While 2020 has been a year of strange firsts, the coming year is likely to be stranger still. Even as Europe’s public corporations continue to grapple with the economic and health shock of COVID-19, the pandemic makes the business outlook for 2021 almost impossible to forecast with any certainty. Yet corporations and investors cannot operate without a sense of what lies ahead. That means corporate executives need to anchor their strategic and tactical decision-making in some approximation of the future, even if that’s provisional and evolutionary.
The most effective leaders will seize this moment, recognizing it as an opportunity to renovate their forecasting, budgeting, and financial planning processes. Although the COVID-19 crisis affects each individual economic sector differently, continued uncertainty all around means every sector shares a need for greater responsiveness, cost control, and—above all—an exacting focus on cash. Now is the time to move beyond budgets based on rules of thumb and metrics focused on the past toward financial plans and investor guidance derived from predictive analytics and scenario modeling.
Traditional business planning and budgeting are usually linear processes, in which last year’s numbers (and to a lesser extent, those of prior years) form the foundation of future extrapolations. This approach, though, is wholly unsuited to current conditions. Because 2019 was an exceptionally strong year for some businesses and 2020 is turning out to be an unprecedented anomaly, companies cannot use either year as the starting point for their planning—not if they want to be credible.

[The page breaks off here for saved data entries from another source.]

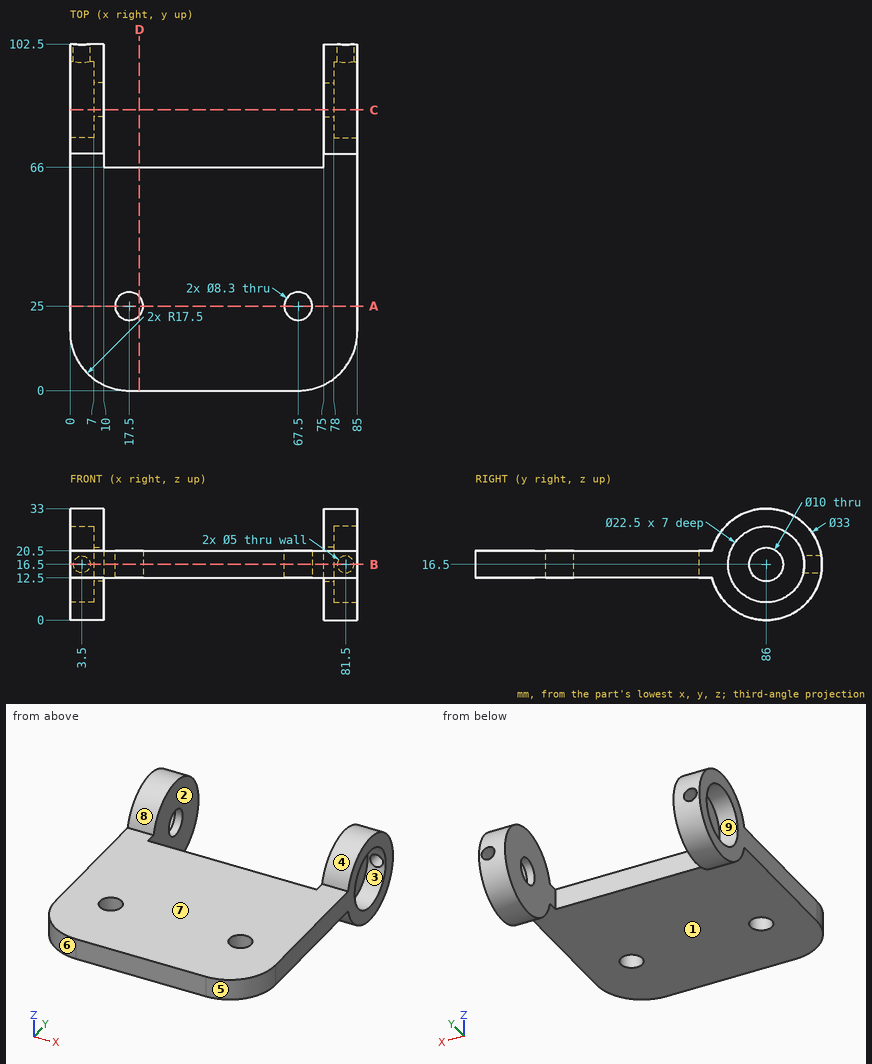
Could you check a few things on this drawing? It's one solid part, dimensions in mm from its lowest x, y, z. A direction names the side the tool comes from. Round coordinates to 2 decimals unless told otherwise and drop trailing zeros. Loops run counter-clockwise (first coordinate to the right, second up) from the corner with the lowest first, then second, coordinate; pieces in that order, holes last. Notation, with made-up numbers: M 31,-30.75 L 42,-30.75 A23 ccw 42,7.25 Z; hole C 12,48 d11. An arc over 180 degrees is marked long. Write each question's results on one line, items separated by ' | '. Start each with the question number.
(1) I want a section at D-D (x = 20.5). Please give me the cut outline in (y, z).
(2) I want a section at C-C (y = 83). Please give me the cut outline in (x, z).
(3) I want a section at B-B (z = 16.5). State how many separate pieces and enclosed holes the cut face has, then the cut area to 3 significant figures.
(4) Will these pins go through, and if not, where does the flat tip stop? P1, Ø3, axis at x = 59.5, z = 11.5, coming from the +Y side; P2, Ø16, axis at y = 86, z = 16.5, coming from the +X side; P3, Ø12, axis at x = 21, z = 28.5, coming from the +Y side; P4, Ø18, axis at y = 86, z = 16, coming from the -X side.
(5) On a 3-axis mill with a long thin cutter (end or side, diameter ignored), from which of +Z, -Z, +X, -X, +Y, -Y can I reach the whole of each face in a straight line? I mean the marked faces 1, 2, 3, 4 and 5. Say none if no direction works.
(6) Thinking about a two-plate mould opening in Z: for the marked faces 6, 7, 8 and 9, which applies, pulls with the +Z half, pulls with the -Z half, needs draft (parallel to the pull), parting line crosses it, or undercut?
(7) I want a section at A-A (y = 25). Please give me the cut outline in (x, z).
(8) If I drill on probe 1 along X at (y, z) = (99.1, 16.5); probe 2 along X at (y, z) = (80.5, 20); probe 3 along X at (y, z) = (75, 9), over which ranges is the centre line in solid material (lowest first)? Write a range as from..to.
Solved:
1) outline: M 0,12.5 L 22.13,12.5 L 22.13,20.5 L 0,20.5 Z; M 27.87,12.5 L 66,12.5 L 66,20.5 L 27.87,20.5 Z
2) outline: M 0,0.28 L 10,0.28 L 10,12.5 L 7,12.5 L 7,5.66 L 0,5.66 Z; M 0,27.34 L 7,27.34 L 7,20.5 L 10,20.5 L 10,32.72 L 0,32.72 Z; M 75,0.28 L 85,0.28 L 85,5.66 L 78,5.66 L 78,12.5 L 75,12.5 Z; M 75,20.5 L 78,20.5 L 78,27.34 L 85,27.34 L 85,32.72 L 75,32.72 Z
3) separate pieces: 5 | enclosed holes: 2 | area: 5,670 mm²
4) P1: stops at y = 66 | P2: stops at x = 78 | P3: passes through | P4: stops at x = 7
5) face 1: -Z, +X, -X, -Y | face 2: +Z, -Z, +Y | face 3: +X | face 4: +X, -X | face 5: +Z, -Z, +X, -Y
6) face 6: needs draft | face 7: pulls with the +Z half | face 8: parting line crosses it | face 9: undercut
7) outline: M 0,12.5 L 13.35,12.5 L 13.35,20.5 L 0,20.5 Z; M 21.65,12.5 L 63.35,12.5 L 63.35,20.5 L 21.65,20.5 Z; M 71.65,12.5 L 85,12.5 L 85,20.5 L 71.65,20.5 Z
8) probe 1: x = 0..1, 6..10, 75..79, 84..85 | probe 2: x = 7..10, 75..78 | probe 3: x = 0..10, 75..85

Conventional planning and budgeting also tend to have a strong internal focus. External forces and factors come under consideration but bear much less weight. This year, external forces will have an outsized impact on the outlook for 2021 and beyond. The most heavily weighted considerations, of course, concern COVID-19. Moves by various governments to address the pandemic—including vaccine development, restrictions on business and social activity, and financial support for businesses and households—will affect everything from demand and revenue forecasts to funding plans. Those moves will also make market developments harder to forecast and more subject to change than ever before. To compensate for the high level of uncertainty, well-prepared companies will update their forecasts more frequently than before, and, consequently, will leave room to add further detail as more information comes along.
There are a number of lessons learned from prior crises that we recommend bearing in mind when setting up 2021 budgets—even if the company is not in a restructuring situation.
- The worst case may become the real case—both in terms of top-line and cost assumptions, as “what can go wrong, will go wrong”.
- Action planning is often too optimistic, both in terms of speed and magnitude of the impact and the actions taken—instead, “plan for the worst and hope for the best”.
- A company’s restructuring plan may not address the fundamental structural challenges—it often only focuses on the easy-to-achieve (operational) measures.
- Speed of restructuring/transformation is often not fast enough.
- No board has ever cut too deep, but too many companies would acknowledge that they have not cut deep enough.
- Financial restructuring is often addressed too late—limited financial leeway restricts both strategic and operational options and weakens competitive positioning.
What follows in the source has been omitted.